Somewhat recently I read a post in which someone suggested 'Lasgalen' as Legolas' 'last name' (trying to render 'Greenleaf Greenleaf' into a story-interior language I guess). 'Legolas Greenleaf' appears in LOTR, but IMO I think JRRT just liked the 'sound-flow' of the name and its translation together.

_'Thingol_ Greycloak' be found in LOTR (Appendix A) too for example, but again 'Greycloak' is an English translation. _Elu Thingol_ is an example of what King Greymantle was called _'... in the tongue of that land.'_ (note also _Elwe Singollo_ in the published Silmarillion Index)

Story interior names are different from translated forms. _Aragorn_ is story interior (and Sindarin in form), while _Elessar Telcontar_ is story interior, and both are in the 'high tongue' (Quenya is called the 'High-elven').

'Samwise Gamgee' stands for _Banazîr Galpsi_ (a reduced form from _Galbasi_), for example, though I'm guessing your teacher will accept the former.

¤


----------



## Barliman Butterbur (Sep 15, 2004)

*Re: help again*



im_lost said:


> Now, once again and for the last time, i need to know gimli's last name if he has one.



He was known as Gimli Glóin's son or Gimli son of Glóin.
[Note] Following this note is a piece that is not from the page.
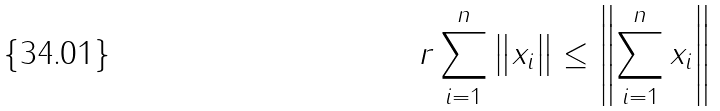Convert formula to latex. <formula><loc_0><loc_0><loc_500><loc_500>r \sum _ { i = 1 } ^ { n } \left \| x _ { i } \right \| \leq \left \| \sum _ { i = 1 } ^ { n } x _ { i } \right \|</formula>

In the old days, before surnames were well developed, one's last name was the first name of one's father: Frodo son of Drogo for instance, or Samwise son of Hamfast.

The Irish "O'" and "Mc", and the Scottish "Mac" and the Jewish "ben" (all of which mean "of") all serve much the same purpose I believe, as well as the "son" in Johnson: son of John, and the Armenian "ian" at the end of a name, which also means "son of."

So in modern parlance, I suppose that you could say that Gimli's last name was Glóinson or O'Glóin, or McGlóin or MacGlóin or even BenGlóin or Glóinian! 

Barley


----------



## Astaldo (Sep 15, 2004)

TulKas Astaldo said:


> Theoden gave the key of Orthanc to Saruman.


Well the key of Orthanc to Saruman was given I think by one of the Stewards of Gondor but I do not remember from whom. Definetly it was not given by Theoden. It was given many years ago.


----------



## Cian (Sep 16, 2004)

If you want attested Sindarin, we have something from the 'King's Letter' (ultimately published in the History Of Middle-earth series by Christopher Tolkien):

_ 'Elessar Telcontar: Aragorn Arathornion Edhelharn ...'_ 

The Elvish text basically reads _Elessar Telcontar_ (again, this is Quenya), then (semi-translated) 'Aragorn Arathornson Elfstone' in Sindarin. So _Aragorn Arathornion_ includes the apparent patronymic suffix _-ion_ to denote 'son of Arathorn' (note that David Salo suggested _Legolas Thranduilion_ for the film).

'Gimli' is probably to be thought of as a translated form. Gimli son of Gloin would do IMO.

¤


----------



## greypilgrim (Sep 16, 2004)

~Ellesar Envinyatar Telcontar..."The Elfstone, Renewer, Strider"


----------